主なポイント:
- サムスン、第2四半期営業利益86兆ウォンと予想、前年比18倍増
- DRAMとNANDの価格は前期比それぞれ44%、53%上昇
- 半導体部門の賞与引当金が40兆ウォンを超える可能性があり、純利益を圧迫
主なポイント:

サムスン電子は、第2四半期の営業利益が86兆ウォン(約562億ドル)となり、前年同期比で18倍に急増する見通しだ。AI主導のメモリー需要がチップ価格を押し上げている。
野村証券のアナリストは「AI推論インフラ需要が供給拡大を引き続き上回るため、メモリー市場は少なくとも来年までは供給不足が続くだろう」と指摘し、第3四半期の汎用DRAM価格はさらに24%、NAND価格は25%上昇すると予測している。
LSEGのスマートエスティメート(アナリスト30人の予想を集計)に基づく今回の見通しは、サムスンにとって3四半期連続の過去最高営業益となる。シティ・リサーチによると、4-6月期のDRAM平均販売価格は前期比44%上昇し、NAND価格は53%上昇した。サムスンの株価は年初来158%上昇し、同社の時価総額は1兆ドル超に達し、SKハイニックスやマイクロン・テクノロジーと肩を並べている。

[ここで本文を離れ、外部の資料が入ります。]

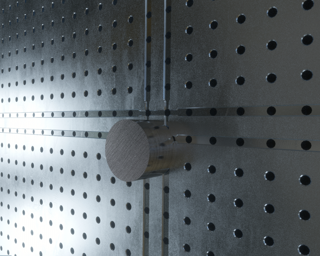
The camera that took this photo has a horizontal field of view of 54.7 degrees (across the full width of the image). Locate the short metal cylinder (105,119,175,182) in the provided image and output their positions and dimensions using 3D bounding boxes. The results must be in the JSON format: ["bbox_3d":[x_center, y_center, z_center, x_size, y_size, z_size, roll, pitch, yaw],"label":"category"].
[{"bbox_3d":[-0.027,0.029,0.414,0.080,0.050,0.079,0,90,39],"label":"short metal cylinder"}]
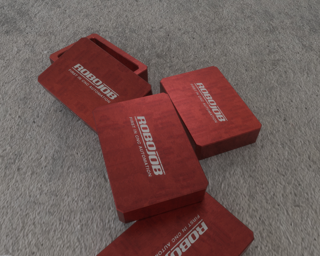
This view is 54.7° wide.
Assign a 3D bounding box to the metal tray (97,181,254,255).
[{"bbox_3d":[0.015,0.121,0.298,0.131,0.030,0.090,-36,59,-26],"label":"metal tray"}]

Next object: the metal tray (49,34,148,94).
[{"bbox_3d":[-0.093,-0.090,0.474,0.130,0.030,0.091,37,59,27],"label":"metal tray"}]

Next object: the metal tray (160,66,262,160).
[{"bbox_3d":[0.064,-0.026,0.422,0.091,0.030,0.130,-16,52,-13],"label":"metal tray"}]

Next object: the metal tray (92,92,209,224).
[{"bbox_3d":[-0.015,0.025,0.333,0.091,0.030,0.130,-14,55,-12],"label":"metal tray"}]

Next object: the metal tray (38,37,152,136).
[{"bbox_3d":[-0.086,-0.054,0.415,0.130,0.030,0.090,38,76,17],"label":"metal tray"}]
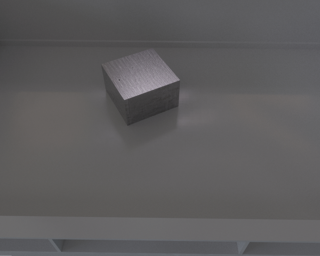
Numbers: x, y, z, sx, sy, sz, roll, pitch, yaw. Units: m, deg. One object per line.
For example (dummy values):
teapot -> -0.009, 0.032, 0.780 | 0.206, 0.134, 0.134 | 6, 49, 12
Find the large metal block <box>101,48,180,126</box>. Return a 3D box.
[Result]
large metal block -> -0.028, -0.060, 0.440 | 0.081, 0.050, 0.080 | -22, 54, -18
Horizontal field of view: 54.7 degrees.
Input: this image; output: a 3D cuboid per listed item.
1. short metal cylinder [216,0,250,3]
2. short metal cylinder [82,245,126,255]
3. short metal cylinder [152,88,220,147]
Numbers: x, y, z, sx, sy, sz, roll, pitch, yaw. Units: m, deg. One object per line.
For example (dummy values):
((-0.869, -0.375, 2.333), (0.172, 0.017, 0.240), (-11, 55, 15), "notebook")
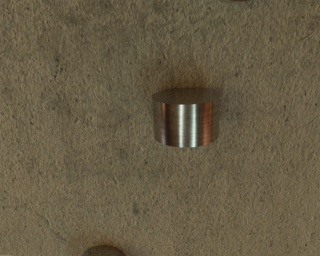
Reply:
((0.083, -0.177, 0.332), (0.081, 0.050, 0.079), (0, 110, 0), "short metal cylinder")
((-0.090, 0.231, 0.481), (0.081, 0.050, 0.079), (0, 110, 0), "short metal cylinder")
((0.031, -0.015, 0.375), (0.080, 0.080, 0.050), (-2, 110, 1), "short metal cylinder")
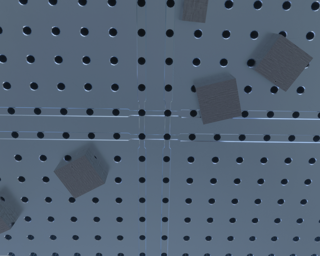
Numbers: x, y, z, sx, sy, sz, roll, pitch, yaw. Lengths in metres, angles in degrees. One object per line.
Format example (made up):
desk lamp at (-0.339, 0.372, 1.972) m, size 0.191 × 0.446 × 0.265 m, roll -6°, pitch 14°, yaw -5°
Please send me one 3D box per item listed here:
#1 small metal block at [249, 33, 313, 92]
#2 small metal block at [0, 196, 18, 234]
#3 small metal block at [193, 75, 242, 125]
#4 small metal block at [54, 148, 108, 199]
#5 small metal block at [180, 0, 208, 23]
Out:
small metal block at (0.149, -0.081, 0.386) m, size 0.050 × 0.025 × 0.050 m, roll 31°, pitch 107°, yaw -11°
small metal block at (-0.252, 0.133, 0.459) m, size 0.050 × 0.025 × 0.050 m, roll -25°, pitch 109°, yaw 8°
small metal block at (0.074, -0.037, 0.401) m, size 0.050 × 0.025 × 0.050 m, roll -13°, pitch 110°, yaw 4°
small metal block at (-0.110, 0.064, 0.435) m, size 0.050 × 0.025 × 0.050 m, roll -28°, pitch 108°, yaw 9°
small metal block at (0.038, -0.146, 0.347) m, size 0.025 × 0.050 × 0.050 m, roll 5°, pitch 110°, yaw -2°
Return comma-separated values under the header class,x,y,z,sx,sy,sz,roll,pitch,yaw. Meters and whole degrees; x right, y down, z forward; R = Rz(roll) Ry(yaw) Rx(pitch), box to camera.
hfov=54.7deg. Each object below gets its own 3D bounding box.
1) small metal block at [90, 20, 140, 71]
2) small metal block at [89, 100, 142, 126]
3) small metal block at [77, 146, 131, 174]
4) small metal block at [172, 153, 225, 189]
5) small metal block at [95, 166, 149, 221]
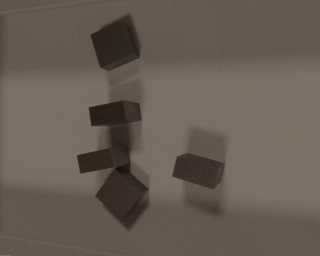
class,x,y,z,sx,sy,sz,roll,pitch,yaw
small metal block,-0.063,-0.114,0.431,0.050,0.025,0.050,-19,84,18
small metal block,-0.059,-0.019,0.417,0.050,0.050,0.025,-9,87,19
small metal block,-0.076,0.043,0.423,0.050,0.050,0.025,-13,86,19
small metal block,0.049,0.051,0.380,0.050,0.050,0.025,15,95,19
small metal block,-0.052,0.089,0.428,0.050,0.025,0.050,40,102,15
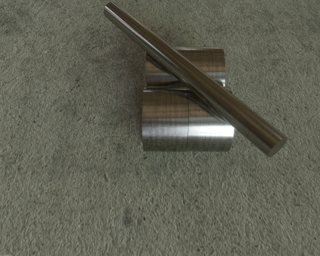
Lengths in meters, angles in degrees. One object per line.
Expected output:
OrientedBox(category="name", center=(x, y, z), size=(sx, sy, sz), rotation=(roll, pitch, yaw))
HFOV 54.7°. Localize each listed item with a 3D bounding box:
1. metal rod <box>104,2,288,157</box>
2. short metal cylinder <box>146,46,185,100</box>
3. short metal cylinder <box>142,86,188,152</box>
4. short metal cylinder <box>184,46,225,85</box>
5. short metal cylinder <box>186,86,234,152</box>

今回の業績は、韓国総合株価指数(KOSPI)にとっても重要だ。同指数においてサムスンは時価総額最大の構成銘柄である。好調な業績は韓国株の強気相場を後押しする一方、予想を下回った場合——特に40兆ウォンを超える賞与引当金の計上による影響——は、アジアのハイテクサプライチェーン全体に売りを誘発する可能性がある。
サムスンの半導体部門は最近、営業利益の10.5%を半導体従業員への特別賞与に充てる賃金合意を成立させた。一部のアナリストは、累積の賞与引当金が40兆ウォンを超える可能性があると試算しており、会計認識のタイミングが第2四半期の純利益における重要な変数となる。
アナリストによると、メモリー価格の上昇はAI学習に使用される高帯域メモリー(HBM)だけでなく、エージェント型AIシステムがより多くのサーバーメモリーとストレージ容量を必要とすることから、従来型のDRAMやNAND製品によっても推進されている。サムスンはエヌビディア、グーグル、アップルにメモリーチップを供給しており、AI投資サイクルから直接恩恵を受ける立場にある。
サムスンのスマートフォンおよび家電部門の労働者らは、賞与格差に抗議するため7月16日に集会を計画していると、同労組が発表した。聯合ニュースによると、非半導体部門の従業員は2026年に約600万ウォン(3900ドル)の自社株を受け取る見込みだが、半導体部門の従業員は最大6億ウォンを受け取る可能性がある。
先行きに関して、アナリストらはAIインフラ投資の減速を最大のリスクと指摘する。JPモルガンは、AIメモリーは今年、クラウドプロバイダーの設備投資の52%を占めると推定され、来年には70%を超える可能性があり、持続可能性に疑問が生じるとしている。
今回のガイダンス引き上げは、経営陣がAI需要の強さに自信を持っていることを示している。投資家は今月下旬に発表されるサムスンの本決算で、セグメント別の利益率や将来見通しに注目するだろう。
本記事は情報提供のみを目的としており、投資助言を構成するものではありません。